Iloprost, a stable synthetic analogue of prostacyclin, currently employed in the treatment of SSc vascular features, also possesses strong anti-oxidative properties beside its prostaglandin-like vasodilatory and platelet antiaggregation effects. Indeed, it has been shown that a standard course of iloprost therapy was capable of acutely reducing oxidative stress in SSc patients. This effect appeared to be more consistent in patients with the early phases of SSc and in the limited subset of disease [77, 78]. However, earlier studies on the effects of iloprost in vivo have shown that its strong vasodilator effect did not reduce oxidative status because urinary 8-isoPGF did not diminish following its administration to SSc patients [79]; thus, the role of iloprost as an antioxidant and its potential therapeutic benefits in SSc remains to be conclusively determined.

Among other potential antioxidants that may have beneficial effects in the therapy of SSc patients is activin, a grape seed-derived proanthocyanidin extract, which has been found to reduce plasma levels of oxidative stress markers in SSc.
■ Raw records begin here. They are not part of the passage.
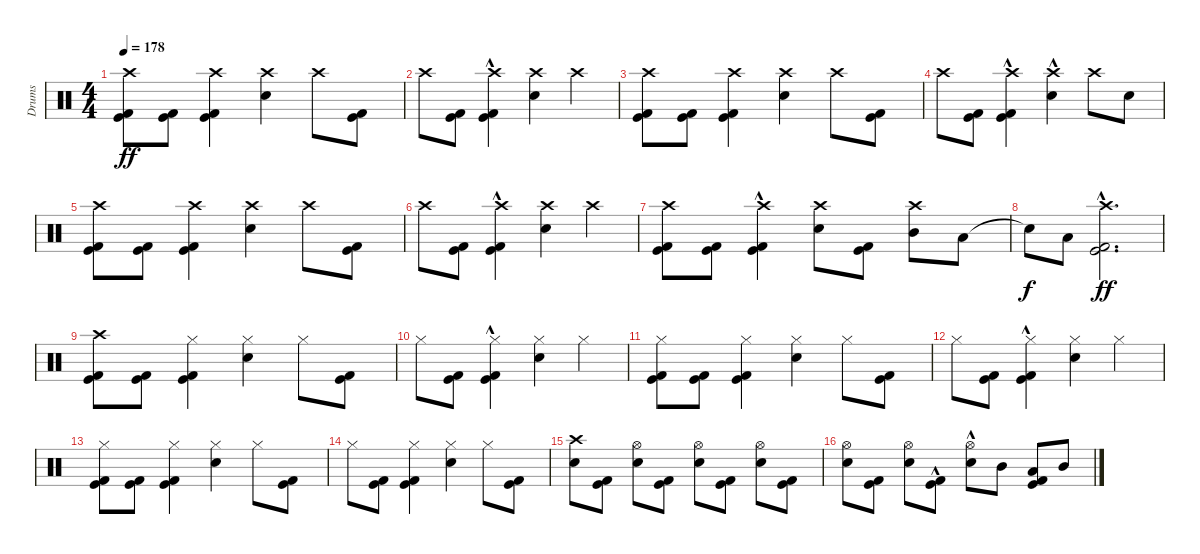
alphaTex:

\track ("Drums" "Drums") {instrument percussion}
\staff {score}
\articulation defaults
\ts (4 4)
\tempo 178
\clef neutral
\ks c
("Kick (hit)" "Kick (hit) 2" "Crash high (hit)").8{dy ff} ("Kick (hit)" "Kick (hit) 2").8 ("Kick (hit)" "Kick (hit) 2" "Crash high (hit)").4 ("Electric Snare (hit)" "Crash high (hit)").4 "Crash high (hit)".8 ("Kick (hit)" "Kick (hit) 2").8 |
"Crash high (hit)".8 ("Kick (hit)" "Kick (hit) 2").8 ("Kick (hit)"{hac} "Kick (hit) 2"{hac} "Crash high (hit)").4 ("Electric Snare (hit)" "Crash high (hit)").4 "Crash high (hit)".4 |
("Kick (hit)" "Kick (hit) 2" "Crash high (hit)").8 ("Kick (hit)" "Kick (hit) 2").8 ("Kick (hit)" "Kick (hit) 2" "Crash high (hit)").4 ("Electric Snare (hit)" "Crash high (hit)").4 "Crash high (hit)".8 ("Kick (hit)" "Kick (hit) 2").8 |
"Crash high (hit)".8 ("Kick (hit)" "Kick (hit) 2").8 ("Kick (hit)"{hac} "Kick (hit) 2"{hac} "Crash high (hit)").4 ("Electric Snare (hit)"{hac} "Crash high (hit)").4 "Crash high (hit)".8 "Electric Snare (hit)".8 |
("Kick (hit)" "Kick (hit) 2" "Crash high (hit)").8 ("Kick (hit)" "Kick (hit) 2").8 ("Kick (hit)" "Kick (hit) 2" "Crash high (hit)").4 ("Electric Snare (hit)" "Crash high (hit)").4 "Crash high (hit)".8 ("Kick (hit)" "Kick (hit) 2").8 |
"Crash high (hit)".8 ("Kick (hit)" "Kick (hit) 2").8 ("Kick (hit)"{hac} "Kick (hit) 2"{hac} "Crash high (hit)").4 ("Electric Snare (hit)" "Crash high (hit)").4 "Crash high (hit)".4 |
("Kick (hit)" "Kick (hit) 2" "Crash high (hit)").8 ("Kick (hit)" "Kick (hit) 2").8 ("Kick (hit)"{hac} "Kick (hit) 2"{hac} "Crash high (hit)").4 ("Electric Snare (hit)" "Crash high (hit)").8 ("Kick (hit)" "Kick (hit) 2").8 ("Mid Tom (hit)" "Crash high (hit)").8 "Low Tom (hit)".8 |
"Snare (hit)"{t}.8{dy f} "Low Tom (hit)".8 ("Kick (hit)"{hac} "Kick (hit) 2"{hac} "Crash high (hit)"{hac}).2{d dy ff} |
("Kick (hit)" "Kick (hit) 2" "Crash high (hit)").8 ("Kick (hit)" "Kick (hit) 2").8 ("Kick (hit)" "Kick (hit) 2" "Hi-Hat (closed)").4 ("Electric Snare (hit)" "Hi-Hat (closed)").4 "Hi-Hat (closed)".8 ("Kick (hit)" "Kick (hit) 2").8 |
"Hi-Hat (closed)".8 ("Kick (hit)" "Kick (hit) 2").8 ("Kick (hit)"{hac} "Kick (hit) 2"{hac} "Hi-Hat (closed)").4 ("Electric Snare (hit)" "Hi-Hat (closed)").4 "Hi-Hat (closed)".4 |
("Kick (hit)" "Kick (hit) 2" "Hi-Hat (closed)").8 ("Kick (hit)" "Kick (hit) 2").8 ("Kick (hit)" "Kick (hit) 2" "Hi-Hat (closed)").4 ("Electric Snare (hit)" "Hi-Hat (closed)").4 "Hi-Hat (closed)".8 ("Kick (hit)" "Kick (hit) 2").8 |
"Hi-Hat (closed)".8 ("Kick (hit)" "Kick (hit) 2").8 ("Kick (hit)"{hac} "Kick (hit) 2"{hac} "Hi-Hat (closed)").4 ("Electric Snare (hit)" "Hi-Hat (closed)").4 "Hi-Hat (closed)".4 |
("Kick (hit)" "Kick (hit) 2" "Hi-Hat (closed)").8 ("Kick (hit)" "Kick (hit) 2").8 ("Kick (hit)" "Kick (hit) 2" "Hi-Hat (closed)").4 ("Electric Snare (hit)" "Hi-Hat (closed)").4 "Hi-Hat (closed)".8 ("Kick (hit)" "Kick (hit) 2").8 |
"Hi-Hat (closed)".8 ("Kick (hit)" "Kick (hit) 2").8 ("Kick (hit)" "Kick (hit) 2" "Hi-Hat (closed)").4 ("Electric Snare (hit)" "Hi-Hat (closed)").4 "Hi-Hat (closed)".8 ("Kick (hit)" "Kick (hit) 2").8 |
("Electric Snare (hit)" "Crash high (hit)").8 ("Kick (hit)" "Kick (hit) 2").8 ("Electric Snare (hit)" "Hi-Hat (open)").8 ("Kick (hit)" "Kick (hit) 2").8 ("Electric Snare (hit)" "Hi-Hat (open)").8 ("Kick (hit)" "Kick (hit) 2").8 ("Electric Snare (hit)" "Hi-Hat (open)").8 ("Kick (hit)" "Kick (hit) 2").8 |
("Electric Snare (hit)" "Hi-Hat (open)").8 ("Kick (hit)" "Kick (hit) 2").8 ("Electric Snare (hit)" "Hi-Hat (open)").8 ("Kick (hit)"{hac} "Kick (hit) 2"{hac}).8 ("Electric Snare (hit)" "Hi-Hat (open)"{hac}).8 "Mid Tom (hit)".8 ("Kick (hit)" "Kick (hit) 2" "Low Tom (hit)").8 "Mid Tom (hit)".8

Indeed, malondialdehyde, a marker for oxidative stress which was increased in the plasma of the SSc patients, was significantly reduced by the administration of activin [80].

Although the numerous studies discussed above suggesting that various antioxidants may be of benefit for the therapy of SSc patients have strong support from in vitro and in vivo studies employing experimental animal models, their beneficial effects need to be conclusively demonstrated in rigorously controlled clinical trials in SSc patients.

8 Conclusion

There is strong experimental evidence to suggest that oxidative stress contributes to the progression of fibrosis in SSc and that these effects appear to be caused by excessive and unbalanced generation of ROS in affected tissues. Therefore, the potential use of antioxidants in the treatment of SSc has been suggested. However, clinical trials with some of these antioxidant agents have failed to show conclusively documented positive results. Thus, it will be necessary to perform further in vitro studies and well-controlled placebo-matched clinical trials to document conclusively any beneficial effects. Furthermore, it is possible that the use of combined antioxidants with other drugs may result in improved therapy for this disabling and frequently fatal disease.